- Artist: Vincent van Gogh
- Year: 1883
- Catalogue: F186; JH361;
- Medium: oil on canvas on wood
- Movement: Realism
- Dimensions: 48.9 cm × 66 cm (19.25 in × 26 in)
- Location: National Gallery of Art; Washington D.C.;

= Bulb Fields =

Painting by Vincent van Gogh

Bulb Fields, also known as Flower Beds in Holland, is an oil painting created by Vincent van Gogh in early 1883. It was donated to the National Gallery of Art in Washington DC in 1983.

Bulb Fields was Van Gogh's first garden painting, in oil paint on canvas mounted on wood. It was made in Van Gogh's second year in The Hague.

It depicts the rectangular plots of blue, yellow, pink and red hyacinths grown by a Dutch bulb merchant. The low vantage point creates a panoramic view of the field of colourful spring flowers, with thatched cottages and leafless trees in the background. The regular composition allows Van Gogh to explore his interest in perspective.

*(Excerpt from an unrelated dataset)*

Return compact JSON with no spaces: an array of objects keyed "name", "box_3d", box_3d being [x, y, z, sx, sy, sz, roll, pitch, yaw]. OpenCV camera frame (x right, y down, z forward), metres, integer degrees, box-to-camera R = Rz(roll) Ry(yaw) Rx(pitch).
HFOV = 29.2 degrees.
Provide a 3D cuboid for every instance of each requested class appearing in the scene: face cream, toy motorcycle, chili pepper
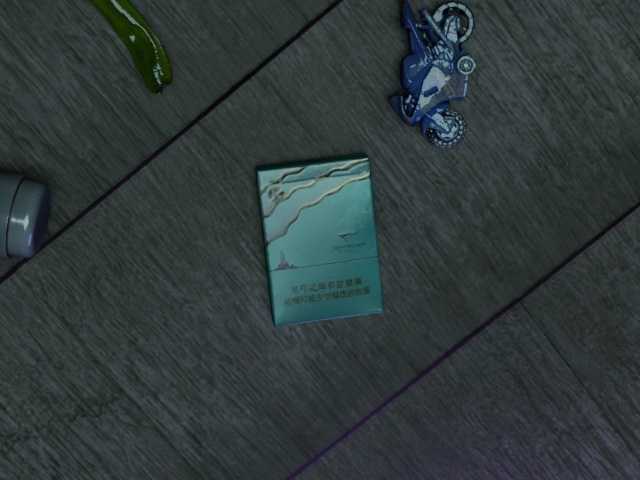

It seems likely that Van Gogh left the painting with other early works at his family's house in Nuenen in 1885, and then it accompanied his recently widowed mother and sister when they moved to Breda in early 1886. With other possessions, it was stored by a carpenter, Adrianus Schrauwen, who sold it along with other worthless "rubbish" in 1902 to the merchant J.C. Couvreur. It was exhibited at the Kunstzalon Oldenzeel in Rotterdam in 1902 with the title Tulpenland (Dutch: "Tulip country"), even though the flowers are hyacinths. It was bought by Jan Smit in 1905, and sold to his grandson John Enthoven in 1919. After passing through the hands of several art dealers, it was acquired by Paul Mellon from the Knoedler gallery in 1955. Mellon donated it to the National Gallery of Art in Washington DC in 1983.